Rautu et al.'s 2026 study is new in two dimensions: Remote (at home, without a supervisor) and forcefully (not for endurance).

What have [they/you] done

22 recreational athletes (training 2-4 times a week). Pre/post design:

  1. Laboratory pre-test: bench press, preacher curl, squat jump — to muscle failure
  2. 12 home training sessions Over 6 weeks, remotely:
    • Control (ET): standard strength protocol — same exercises, reps to failure
    • BET Group: the same protocol + Stroop task 20 mins before training and 13 mins after
  3. Laboratory post-test: the same three exercises to failure

The physical exertion was identical in both groups. The difference is only in the cognitive tasks around the training.

What did it show

Changes to post-test, BET vs ET

  • General repetitions to failure: +50%
  • Bench press: +33%
  • Preacher curl +93%
  • Squat jump +28%

In the control group, there was a small change in all three metrics.

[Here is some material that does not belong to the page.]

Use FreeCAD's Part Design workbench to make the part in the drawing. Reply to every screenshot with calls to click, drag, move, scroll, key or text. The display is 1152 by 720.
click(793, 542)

The most interesting result is— Rating of Perceived Exertion (RPE) after the BET group training decreased. In other words, the athletes performed more repetitions with the 30-90%, but subjectively it felt easier.

Why might this work

Working hypothesis, supported by previous BET studies with NIRS and EEG measurements:

Anterior cingulate cortex — a part of the brain that assesses “how much more effort can I put in”. During physical exertion, the ACC compares the “cost” of effort (perceived effort) with the “value” of the goal. When the cost exceeds the value, movement is “switched off”. This is not a conscious decision, but a regulatory mechanism.

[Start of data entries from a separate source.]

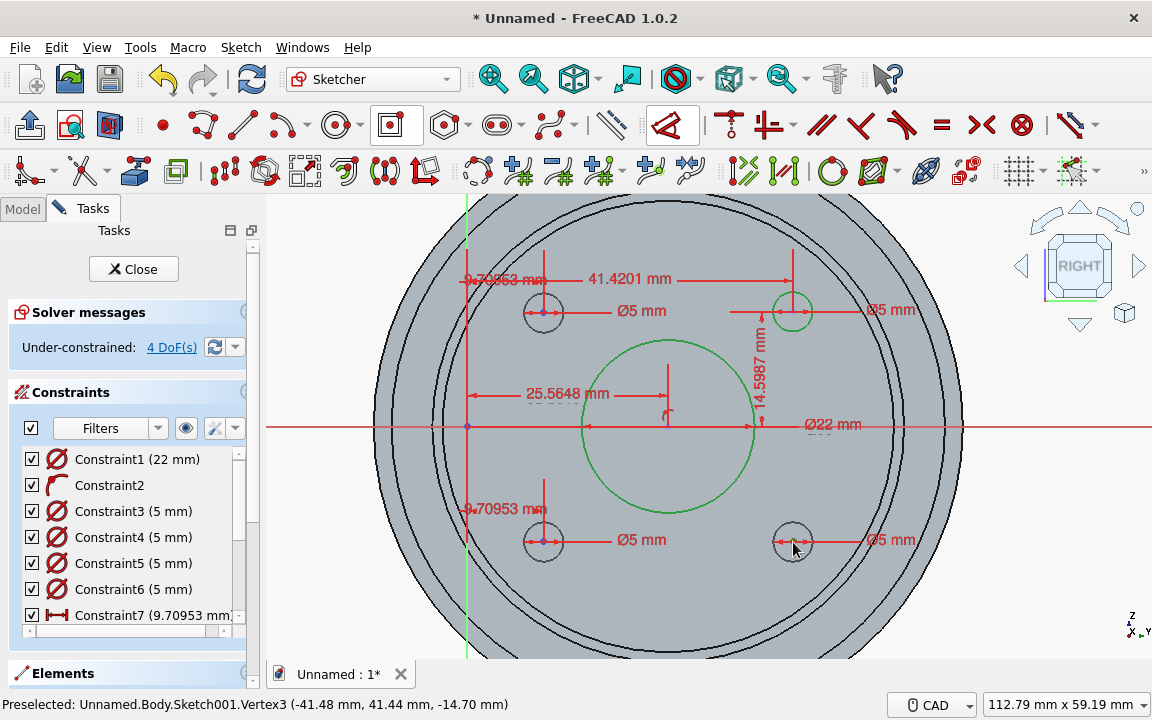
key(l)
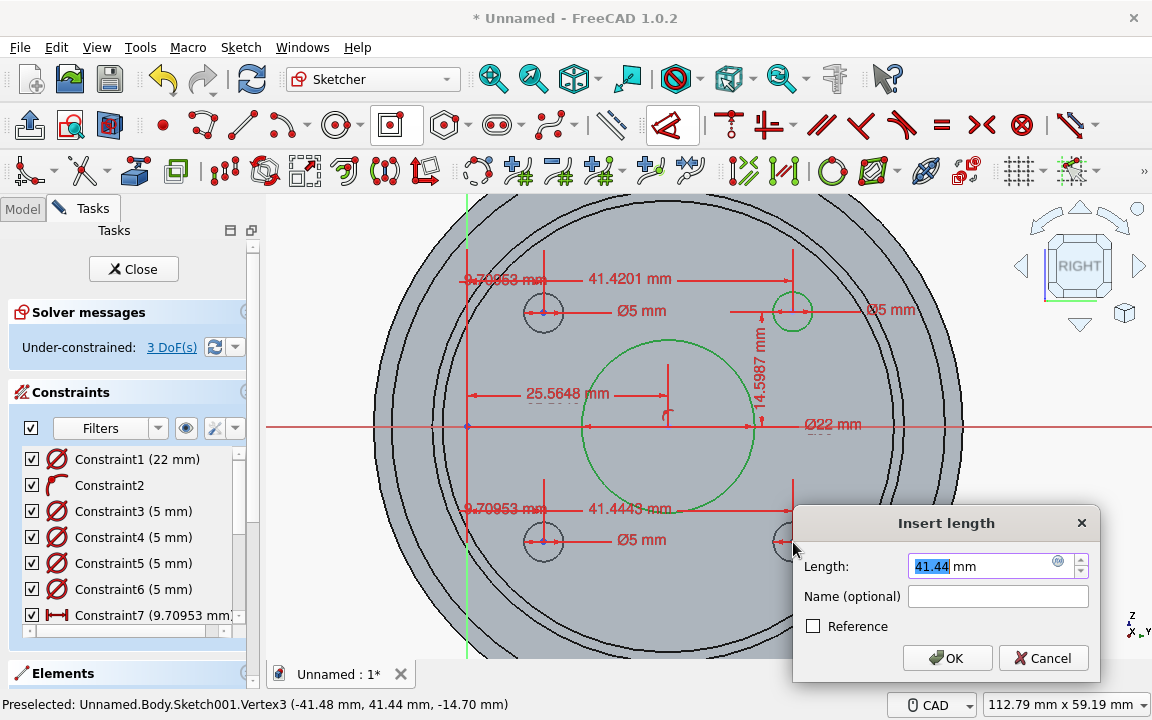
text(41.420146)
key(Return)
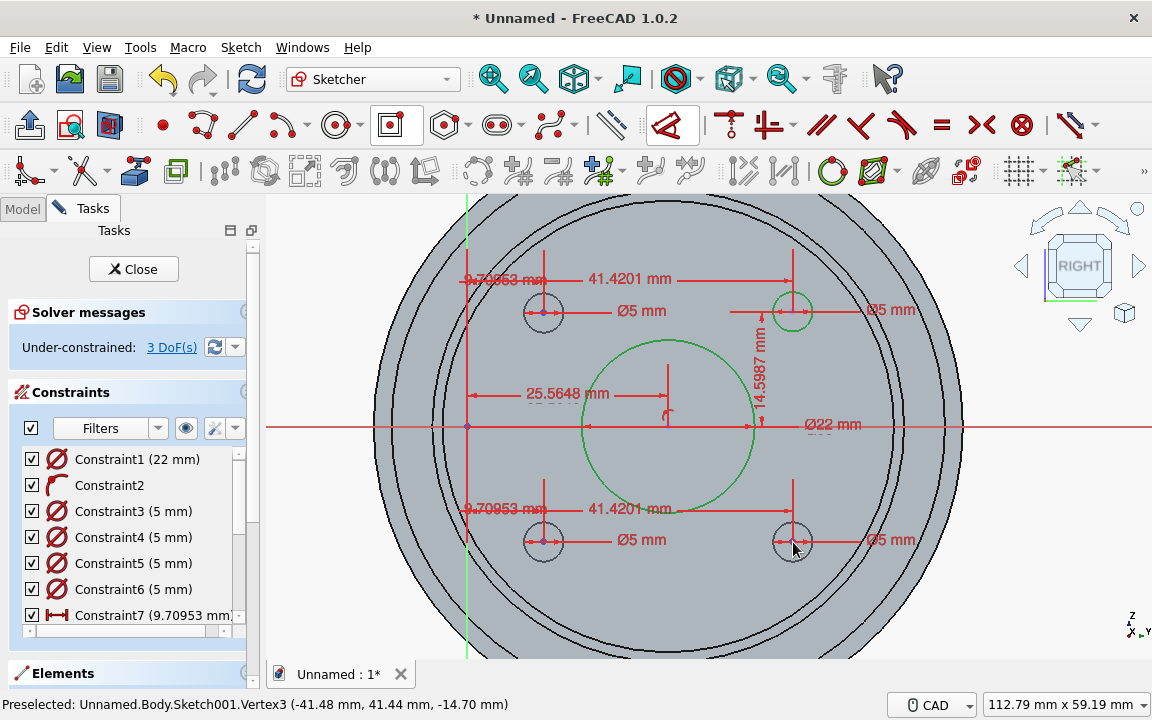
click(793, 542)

When cognitive tasks are added to training, the brain gets used to operating with a higher cognitive load. The ACC adapts to sustain effort for longer. When the athlete returns to purely physical tasks after 6 weeks, the “cost > benefit” threshold shifts. More can be achieved for the same subjective effort.

Analogy: I trained with a backpack of weights. Without the backpack, everything is easier.

Caveats: what we don't know

n=22 — that's not many. This is not a meta-analysis. Individual preliminary BET studies involved between 30 and 90 participants. The effect sizes in Rautu (+93%) are large and require replication, particularly in other laboratories.

Recreational athletes, not elite. A review of BET in elite sport (Tofari et al. 2026, Scandinavian Journal of Medicine & Science in Sports) showed that the effects are smaller at elite level—professionals are already accustomed to the high cognitive load on the pitch. At recreational level, there is greater scope for improvement. It’s not a case of “+93% in every gym”.

Short-term effect. 6 weeks is the start of adaptation. Whether the effect is maintained for 3-6 months without BET is unknown.

Sequential, not concurrent. The Stroop test was performed before and after training, not during. The review by André et al. 2025 in Frontiers in Psychology notes: a dual-task (simultaneously) theoretically provides a stronger effect than a sequential one. This means it is possible that a different format works even better – but this is currently a hypothesis.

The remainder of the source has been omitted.